We first issued an “opmnctl shutdown” to kill all running processes, and then used ldifwrite to dump the entire cn=Users container directly from the datatabase to an LDIF file. Then we used bulkdelete to remove the container, and all it’s subentries, from the database. I then edited the LDIF file to remove the corrupt aci from the container base. Finally, bulkload was used to re-load the corrected LDIF back into the database. During this process the data was reindexed and subjected to rigorous checking.

A “opmnctl startall” brought the directory and it’s associated processes back on line, and after a few simple tests using ldapsearch and ldapmodify we were satisfied all was well again.

Here’s the syntax for the commands used during this recovery (during each operation you will be prompted for the root directory user (cn=orcladmin) password, which should be the same as that for the ODS database user):

[In these examples my directory root is “dc=mycompany,dc=com”, “testinf” is the $ORACLE_SID for the infrastructure database where directory data is stored and “mydata.ldif” is my LDIF data file.

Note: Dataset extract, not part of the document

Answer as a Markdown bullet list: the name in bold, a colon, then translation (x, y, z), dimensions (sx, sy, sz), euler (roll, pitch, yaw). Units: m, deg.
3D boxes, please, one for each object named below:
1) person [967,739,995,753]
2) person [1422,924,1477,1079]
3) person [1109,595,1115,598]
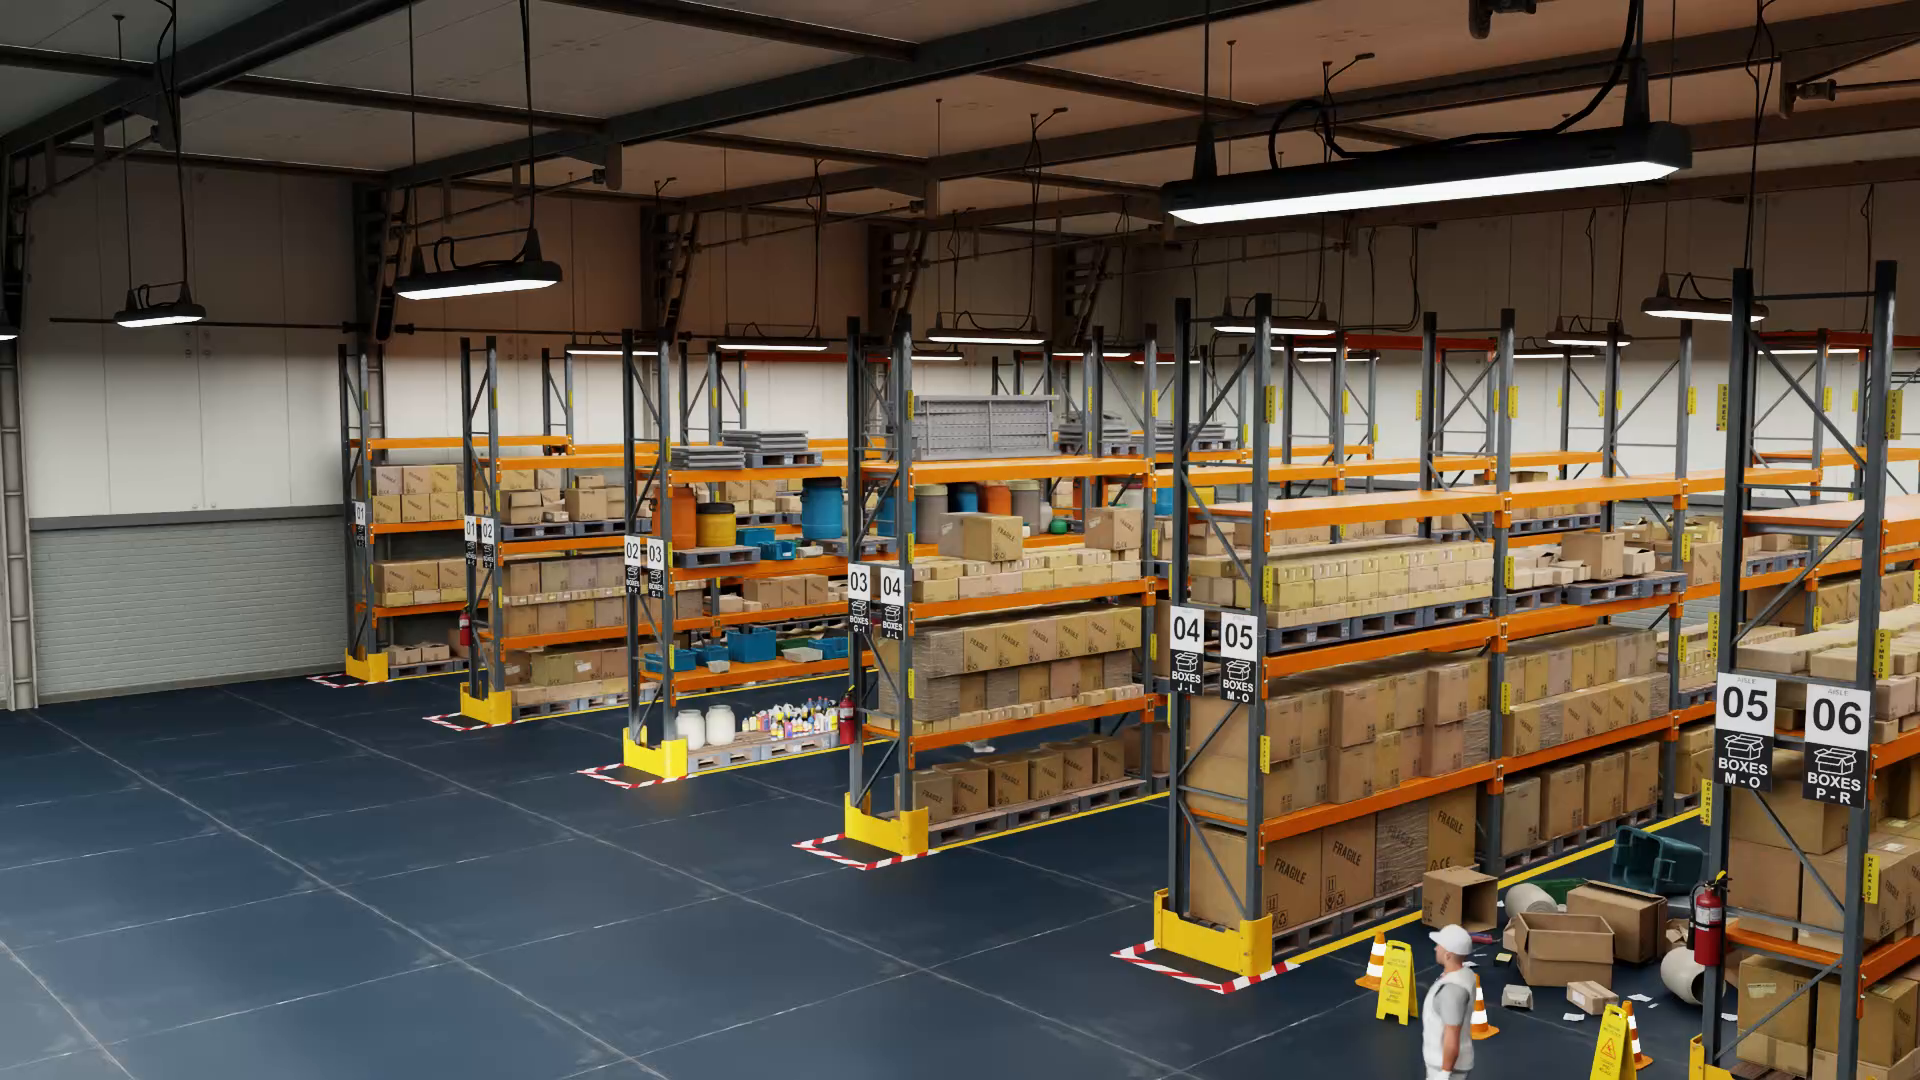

Where “” appears at the end of a line, it is a “continuation character” indicating that the line should not be broken by a carriage return]

Dumping the container data from the database
$ORACLE_HOME/ldap/bin/ldifwrite connect=testinf basedn="cn=Users, dc=mycompany,dc=com" ldiffile=/tmp/mydata.ldif>

Removing the container from the database`

$ORACLE_HOME/ldap/bin/bulkdelete connect=testinf basedn="cn=Users,
dc=mycompany,dc=com"`

Reloading the LDIF data directly into the database $ORACLE_HOME/ldap/bin/bulkload connect=testinf check="TRUE" generate="TRUE" append="TRUE" file=/tmp/mydata.ldif

Lest it appear that Oracle is alone in making such lifesaving “direct to database” methods available, Sun/RedHat and OpenLDAP all have similar tools used to directly manipulated their underlying BerkeleyDB hash table managers (BerkeleyDB is now, ironically, owned by Oracle).

For OpenLDAP these are slapcat for dumping data from the db, and slapadd to load data directly into the db. With OpenLDAP there is no way to directly delete just a portion of the directory tree. You’ve got to dump and reload the whole thing (making whatever changes you need to the LDIF file in between).

Sun/RedHat have a set of command line scripts, db2ldif and ldif2db that you to dump and reload data from the db, but still require you to in essence reload everything if you want to clean it up. For practical purposes you’d want to do this on a Netscape family directory anyway, to make sure all indexes are regenerated correctly (not always a given with their architecture).